Pearse Park
- Interactive map of Pearse Park
- Full name: Glennon Brothers Pearse Park
- Location: Lisbrack, Longford, N39 VY28, Ireland
- Coordinates: 53°44′21.29″N 7°48′7.46″W﻿ / ﻿53.7392472°N 7.8020722°W
- Owner: Longford GAA
- Capacity: 10,000
- Surface: Grass
- Field size: 138 m × 88 m (151 yd × 96 yd)
- Public transit: Longford (incl. Bus Éireann route 23) Longford Courthouse bus stop (Bus Éireann route 22)

= Pearse Park (Longford) =

Gaelic sports stadium in Longford, Ireland

Pearse Park is a GAA stadium in Longford, Ireland. It is the main grounds of Longford's Gaelic football and hurling teams. In December 2011, the stadium was renamed Glennon Brothers Pearse Park, due to sponsorship with Glennon Brothers, a local timber firm. The ground originally had a capacity of 18,000, however in November 2011, this was cut to 8,000 for health and safety reasons. Following completion of works in recent years, the capacity currently sits at 10,000.

== History ==
The grounds were formerly named the Gaelic Grounds and prior to playing in this location, Longford played its games at Longford Park (later the Greyhound Stadium). Longford moved from Longford Park to the current location in 1933 but the site didn't officially open as Pearse Park until April 1937. The ground was named Pearse Park after Patrick Pearse who had been executed during the Easter Rising.

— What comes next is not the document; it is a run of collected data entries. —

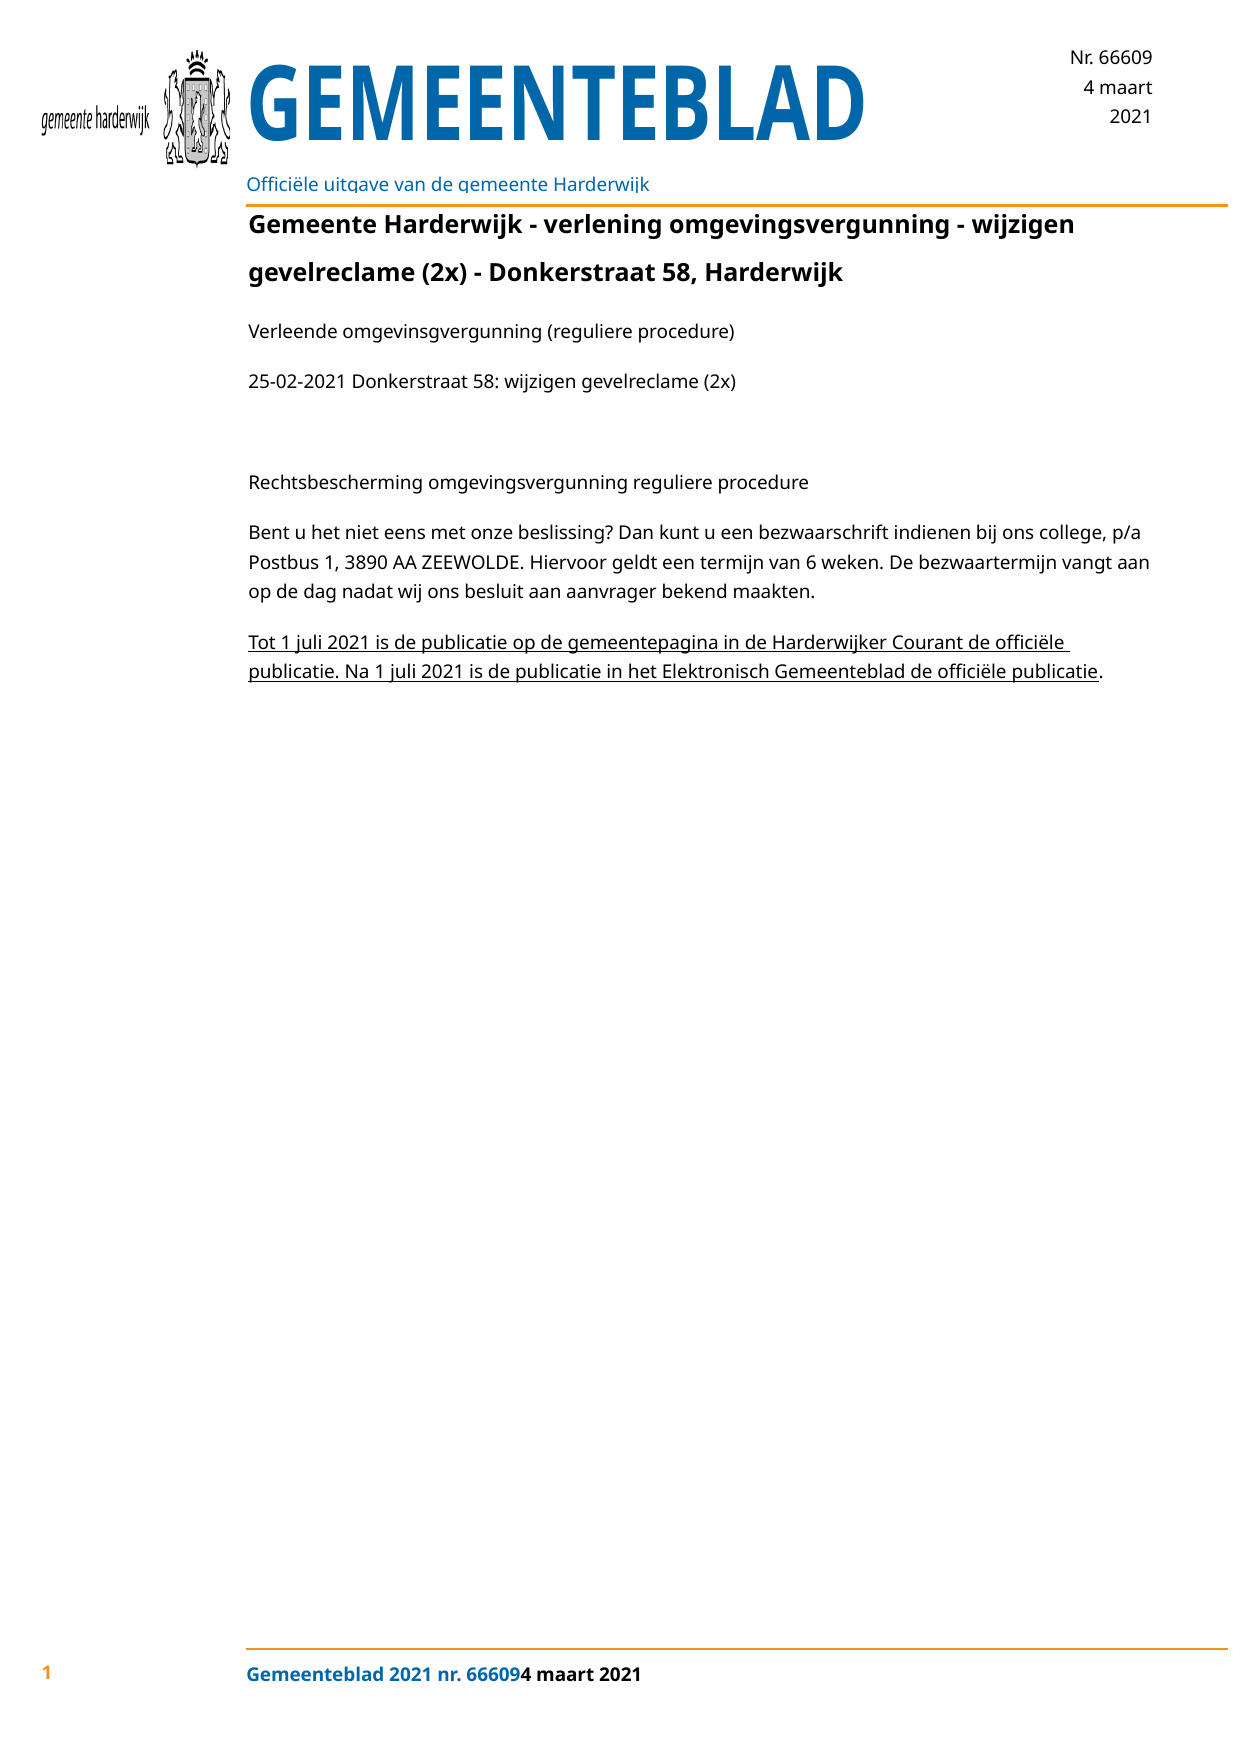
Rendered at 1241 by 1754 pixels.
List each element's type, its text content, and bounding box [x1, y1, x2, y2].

text Rechtsbescherming omgevingsvergunning reguliere procedure [248, 469, 1152, 495]
text Gemeente Harderwijk - verlening omgevingsvergunning - wijzigen gevelreclame (2x) - Donkerstraat 58, Harderwijk [248, 207, 1152, 288]
text Verleende omgevinsgvergunning (reguliere procedure) [248, 318, 1152, 344]
text Tot 1 juli 2021 is de publicatie op de gemeentepagina in de Harderwijker Courant de officiële publicatie. Na 1 juli 2021 is de publicatie in het Elektronisch Gemeenteblad de officiële publicatie. [248, 629, 1152, 684]
text 25-02-2021 Donkerstraat 58: wijzigen gevelreclame (2x) [248, 368, 1152, 394]
picture [41, 47, 231, 172]
text Bent u het niet eens met onze beslissing? Dan kunt u een bezwaarschrift indienen bij ons college, p/a Postbus 1, 3890 AA ZEEWOLDE. Hiervoor geldt een termijn van 6 weken. De bezwaartermijn vangt aan op de dag nadat wij ons besluit aan aanvrager bekend maakten. [248, 519, 1152, 604]
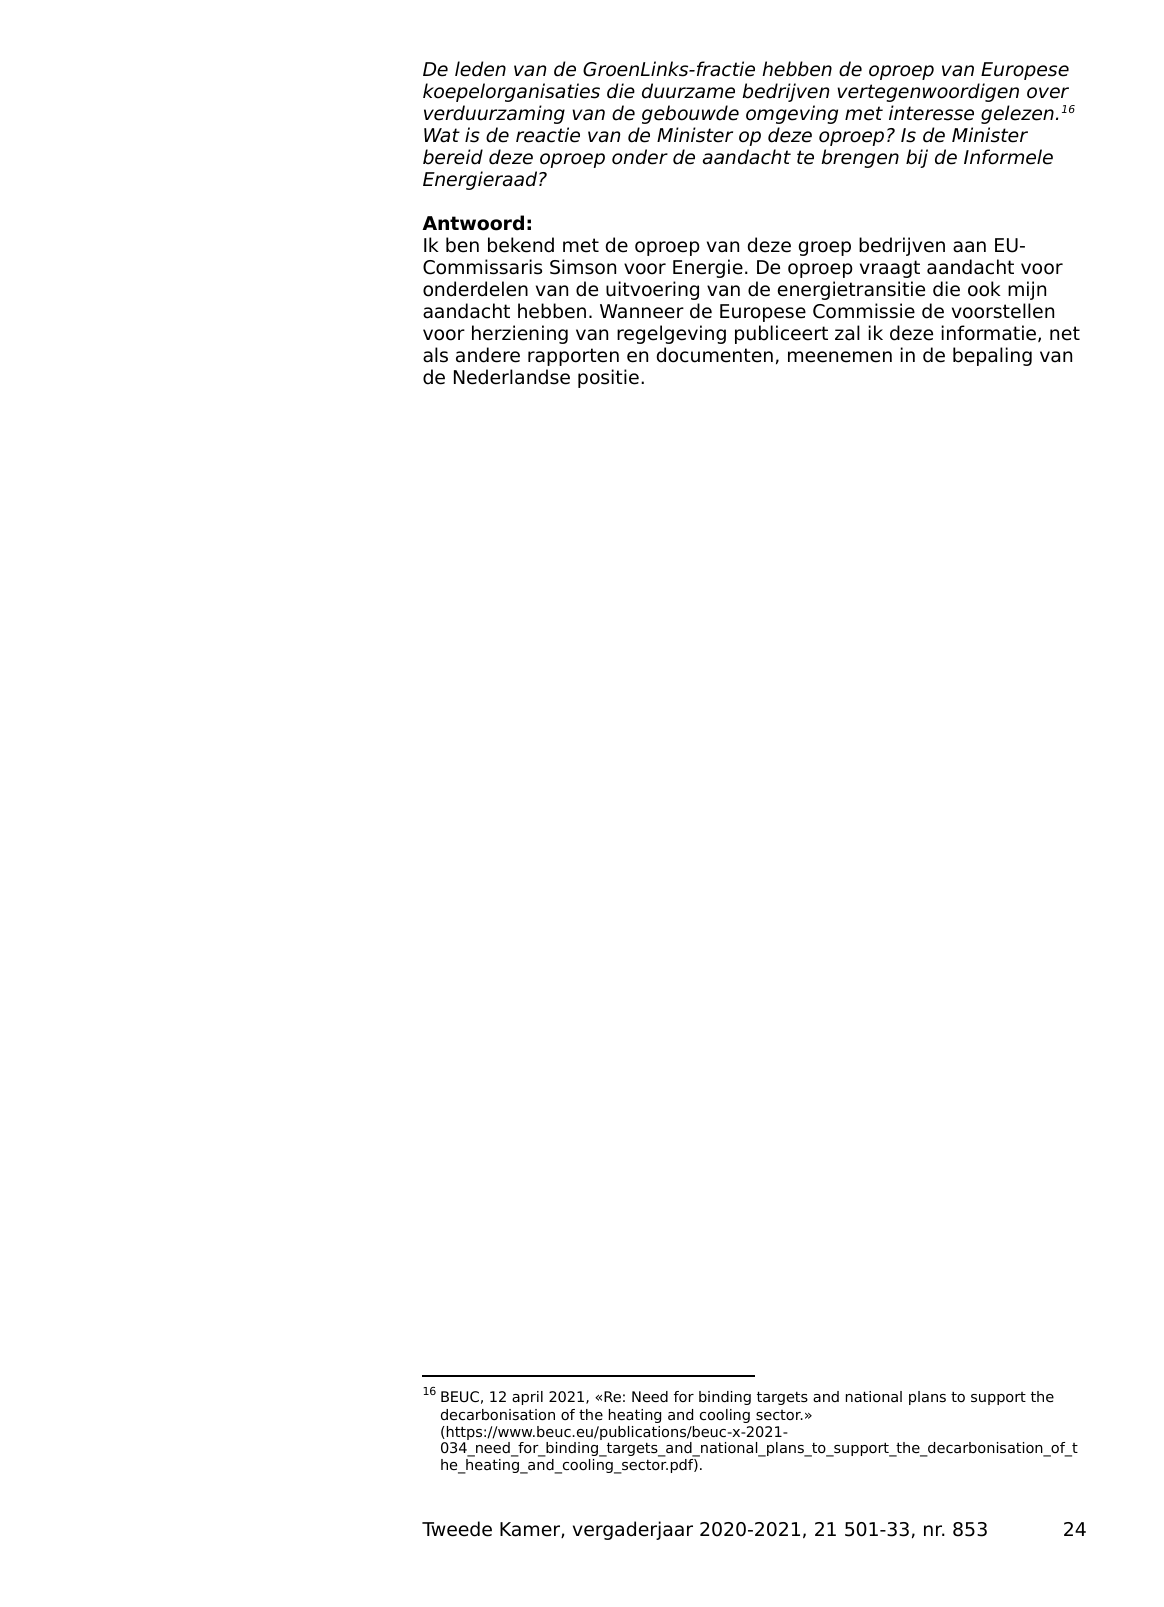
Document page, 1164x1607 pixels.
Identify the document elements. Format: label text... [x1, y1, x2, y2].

text De leden van de GroenLinks-fractie hebben de oproep van Europese koepelorganisaties die duurzame bedrijven vertegenwoordigen over verduurzaming van de gebouwde omgeving met interesse gelezen. Wat is de reactie van de Minister op deze oproep? Is de Minister bereid deze oproep onder de aandacht te brengen bij de Informele Energieraad? [422, 59, 1087, 191]
subtitle Antwoord: [422, 213, 1087, 235]
text Ik ben bekend met de oproep van deze groep bedrijven aan EU-Commissaris Simson voor Energie. De oproep vraagt aandacht voor onderdelen van de uitvoering van de energietransitie die ook mijn aandacht hebben. Wanneer de Europese Commissie de voorstellen voor herziening van regelgeving publiceert zal ik deze informatie, net als andere rapporten en documenten, meenemen in de bepaling van de Nederlandse positie. [422, 235, 1087, 389]
text BEUC, 12 april 2021, «Re: Need for binding targets and national plans to support the decarbonisation of the heating and cooling sector.» (https://www.beuc.eu/publications/beuc-x-2021-034_need_for_binding_targets_and_national_plans_to_support_the_decarbonisation_of_the_heating_and_cooling_sector.pdf). [422, 1385, 1087, 1474]
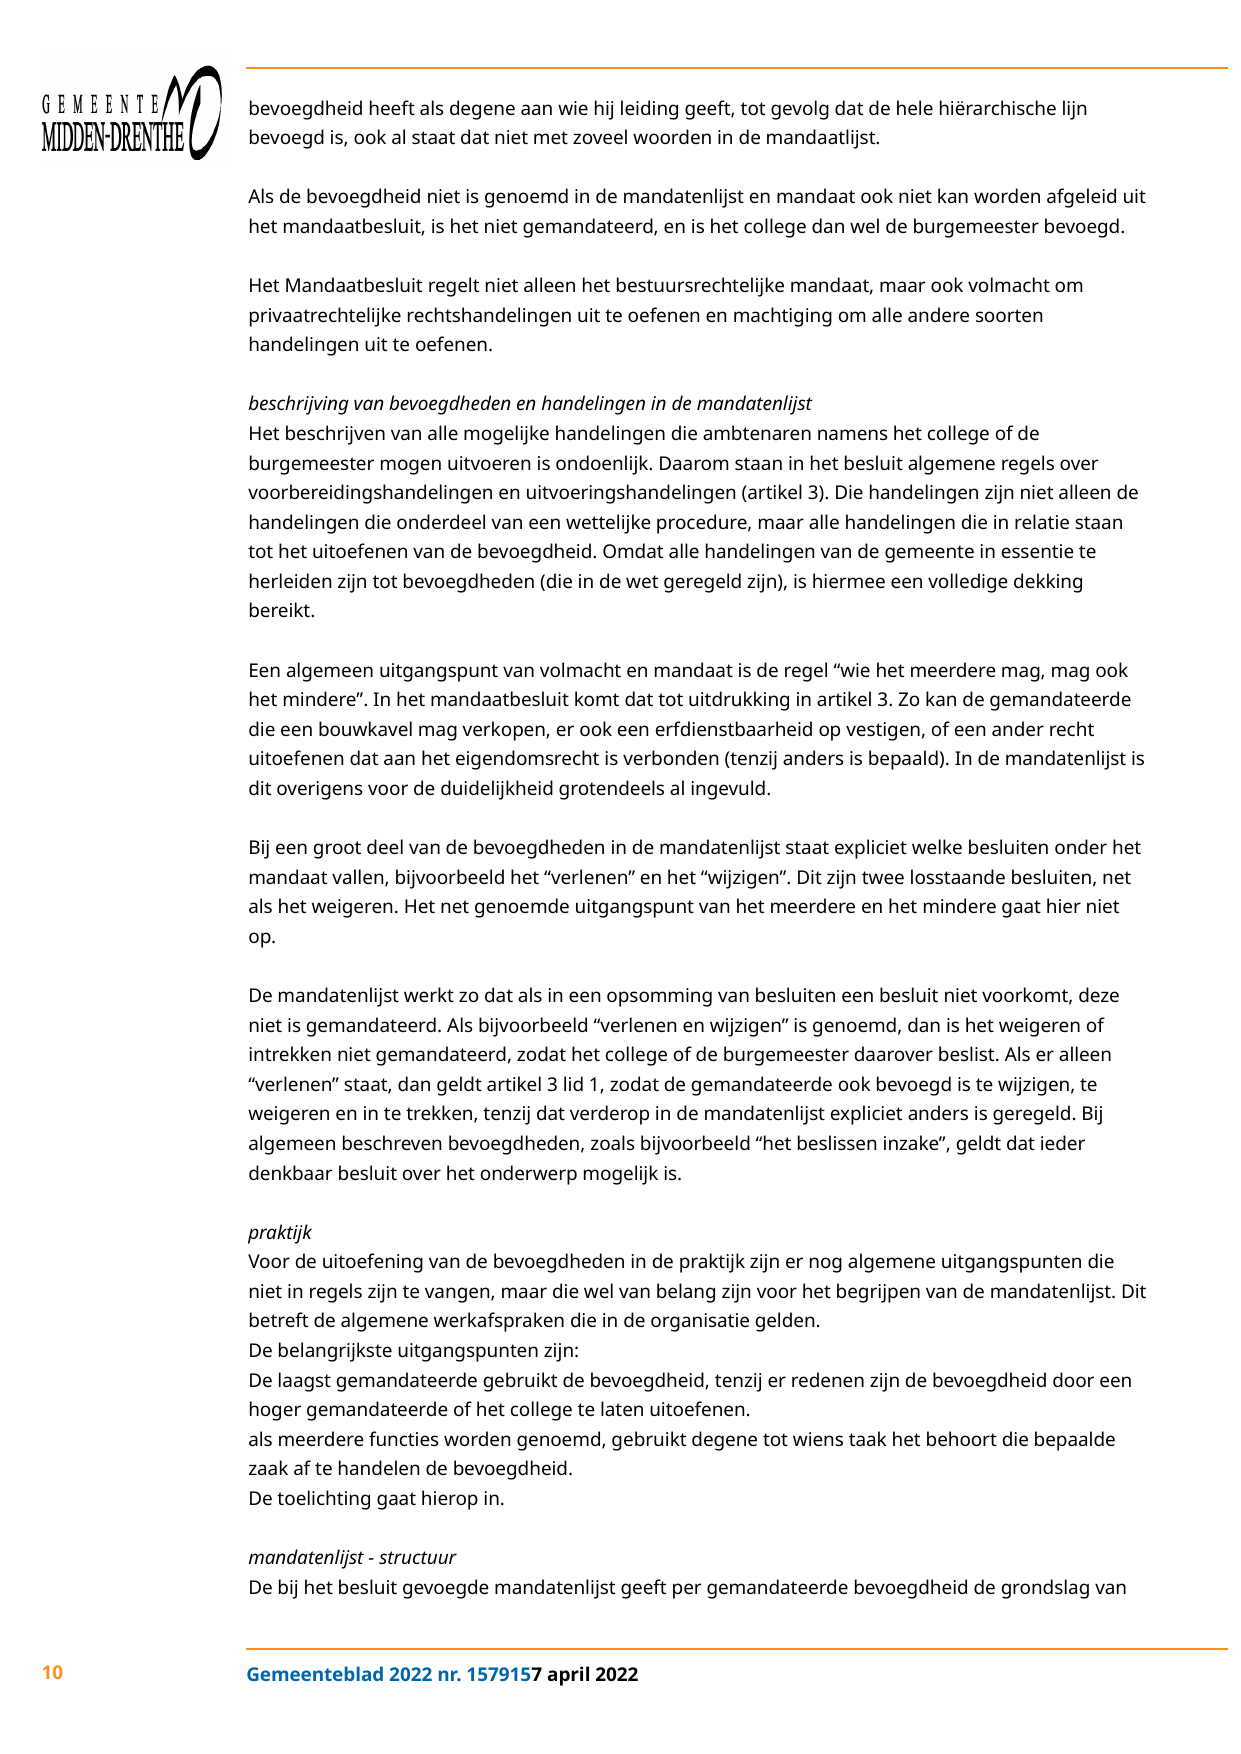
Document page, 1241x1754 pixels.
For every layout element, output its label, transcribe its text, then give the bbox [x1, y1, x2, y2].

text praktijk [248, 1219, 1152, 1245]
text beschrijving van bevoegdheden en handelingen in de mandatenlijst [248, 391, 1152, 416]
text De mandatenlijst werkt zo dat als in een opsomming van besluiten een besluit niet voorkomt, deze niet is gemandateerd. Als bijvoorbeeld “verlenen en wijzigen” is genoemd, dan is het weigeren of intrekken niet gemandateerd, zodat het college of de burgemeester daarover beslist. Als er alleen “verlenen” staat, dan geldt artikel 3 lid 1, zodat de gemandateerde ook bevoegd is te wijzigen, te weigeren en in te trekken, tenzij dat verderop in de mandatenlijst expliciet anders is geregeld. Bij algemeen beschreven bevoegdheden, zoals bijvoorbeeld “het beslissen inzake”, geldt dat ieder denkbaar besluit over het onderwerp mogelijk is. [248, 982, 1152, 1186]
text De bij het besluit gevoegde mandatenlijst geeft per gemandateerde bevoegdheid de grondslag van [248, 1574, 1152, 1600]
text De belangrijkste uitgangspunten zijn: [248, 1337, 1152, 1363]
text Als de bevoegdheid niet is genoemd in de mandatenlijst en mandaat ook niet kan worden afgeleid uit het mandaatbesluit, is het niet gemandateerd, en is het college dan wel de burgemeester bevoegd. [248, 183, 1152, 239]
picture [41, 47, 231, 172]
text De laagst gemandateerde gebruikt de bevoegdheid, tenzij er redenen zijn de bevoegdheid door een hoger gemandateerde of het college te laten uitoefenen. [248, 1367, 1152, 1422]
text Bij een groot deel van de bevoegdheden in de mandatenlijst staat expliciet welke besluiten onder het mandaat vallen, bijvoorbeeld het “verlenen” en het “wijzigen”. Dit zijn twee losstaande besluiten, net als het weigeren. Het net genoemde uitgangspunt van het meerdere en het mindere gaat hier niet op. [248, 834, 1152, 949]
text De toelichting gaat hierop in. [248, 1485, 1152, 1511]
text Voor de uitoefening van de bevoegdheden in de praktijk zijn er nog algemene uitgangspunten die niet in regels zijn te vangen, maar die wel van belang zijn voor het begrijpen van de mandatenlijst. Dit betreft de algemene werkafspraken die in de organisatie gelden. [248, 1248, 1152, 1333]
text Het Mandaatbesluit regelt niet alleen het bestuursrechtelijke mandaat, maar ook volmacht om privaatrechtelijke rechtshandelingen uit te oefenen en machtiging om alle andere soorten handelingen uit te oefenen. [248, 272, 1152, 357]
text Het beschrijven van alle mogelijke handelingen die ambtenaren namens het college of de burgemeester mogen uitvoeren is ondoenlijk. Daarom staan in het besluit algemene regels over voorbereidingshandelingen en uitvoeringshandelingen (artikel 3). Die handelingen zijn niet alleen de handelingen die onderdeel van een wettelijke procedure, maar alle handelingen die in relatie staan tot het uitoefenen van de bevoegdheid. Omdat alle handelingen van de gemeente in essentie te herleiden zijn tot bevoegdheden (die in de wet geregeld zijn), is hiermee een volledige dekking bereikt. [248, 420, 1152, 623]
text als meerdere functies worden genoemd, gebruikt degene tot wiens taak het behoort die bepaalde zaak af te handelen de bevoegdheid. [248, 1426, 1152, 1481]
text bevoegdheid heeft als degene aan wie hij leiding geeft, tot gevolg dat de hele hiërarchische lijn bevoegd is, ook al staat dat niet met zoveel woorden in de mandaatlijst. [248, 95, 1152, 150]
text Een algemeen uitgangspunt van volmacht en mandaat is de regel “wie het meerdere mag, mag ook het mindere”. In het mandaatbesluit komt dat tot uitdrukking in artikel 3. Zo kan de gemandateerde die een bouwkavel mag verkopen, er ook een erfdienstbaarheid op vestigen, of een ander recht uitoefenen dat aan het eigendomsrecht is verbonden (tenzij anders is bepaald). In de mandatenlijst is dit overigens voor de duidelijkheid grotendeels al ingevuld. [248, 657, 1152, 801]
text mandatenlijst - structuur [248, 1544, 1152, 1570]

On 4 June 2006, Dublin defeated Longford by two points at Pearse Park, the last time Dublin have played a Championship match away from Croke Park until they played Laois in Nowlan Park in 2016. Also in 2006, a new West Stand was built. However ten years later, it was discovered to be suffering from subsidence and would have to be demolished and rebuilt. The West Stand was closed from 2015 to 2018. The East Stand also suffered subsidence with a €2 million cost to fix it. As a result, Longford considered plans to leave Pearse Park after GAA officials removed their home advantage for the All-Ireland Senior Football Championship on health and safety grounds.

In 2017, Longford made plans to redevelop Pearse Park. However, there was a planning objection by local resident and former Longford GAA goalkeeper Liam Madden. Madden stated he would drop his opposition if Longford met his demands. He requested that he be made county captain of Longford and be able to lead the team out to the theme of the television series Bonanza. He also requested that Longford change their county colours to red and black to match Longford Town F.C.'s and that the Gaelic Athletic Association give him an Irish language apology for banning him from GAA as a result of him watching an association football match in 1969 under Rule 27 (which was abolished in 1971). Longford County Council approved the €2.5 million redevelopment, with Madden originally planning to appeal to An Bord Pleanála but dropped his appeal after receiving a hand written apology in Irish from the GAA and €100 in compensation. The development was completed in 2018 and the first match held was a Leinster Senior Football Championship game against Meath, with a reduced capacity of 6,000. Following completion of works in recent years, the capacity was increased to 10,000.